Records for processing Block Start
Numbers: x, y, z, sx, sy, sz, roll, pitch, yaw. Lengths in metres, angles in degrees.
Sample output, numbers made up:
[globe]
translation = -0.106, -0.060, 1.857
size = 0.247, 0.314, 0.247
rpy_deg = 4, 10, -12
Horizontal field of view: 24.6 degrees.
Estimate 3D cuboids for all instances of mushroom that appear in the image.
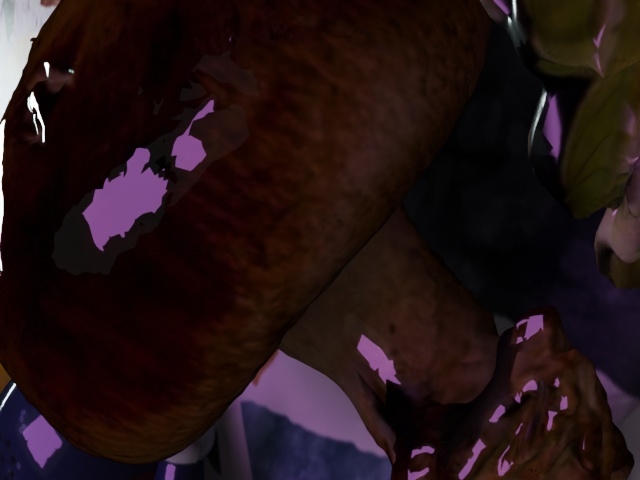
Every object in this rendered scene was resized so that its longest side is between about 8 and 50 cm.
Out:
[mushroom]
translation = 0.001, -0.020, 0.779
size = 0.334, 0.356, 0.331
rpy_deg = -77, 3, -66

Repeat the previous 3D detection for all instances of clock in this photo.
[clock]
translation = -0.127, 0.172, 0.986
size = 0.243, 0.147, 0.199
rpy_deg = 53, 134, 31

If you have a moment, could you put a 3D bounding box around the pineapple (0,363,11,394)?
[pineapple]
translation = -0.234, 0.039, 1.124
size = 0.186, 0.115, 0.236
rpy_deg = 173, 97, -70

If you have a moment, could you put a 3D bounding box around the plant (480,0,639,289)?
[plant]
translation = 0.174, -0.094, 0.492
size = 0.297, 0.306, 0.261
rpy_deg = 33, 88, 20
Records for processing Block End
#### What to produce:
Would you print all of the entries exactly, omitting any image?

#### Answer area:
Numbers: x, y, z, sx, sy, sz, roll, pitch, yaw. Lengths in metres, angles in degrees.
Sample output, numbers made up:
[globe]
translation = -0.106, -0.060, 1.857
size = 0.247, 0.314, 0.247
rpy_deg = 4, 10, -12
Horizontal field of view: 24.6 degrees.
Estimate 3D cuboids for all instances of mushroom that appear in the image.
Every object in this rendered scene was resized so that its longest side is between about 8 and 50 cm.
Out:
[mushroom]
translation = 0.001, -0.020, 0.779
size = 0.334, 0.356, 0.331
rpy_deg = -77, 3, -66

Repeat the previous 3D detection for all instances of clock in this photo.
[clock]
translation = -0.127, 0.172, 0.986
size = 0.243, 0.147, 0.199
rpy_deg = 53, 134, 31

If you have a moment, could you put a 3D bounding box around the pineapple (0,363,11,394)?
[pineapple]
translation = -0.234, 0.039, 1.124
size = 0.186, 0.115, 0.236
rpy_deg = 173, 97, -70

If you have a moment, could you put a 3D bounding box around the plant (480,0,639,289)?
[plant]
translation = 0.174, -0.094, 0.492
size = 0.297, 0.306, 0.261
rpy_deg = 33, 88, 20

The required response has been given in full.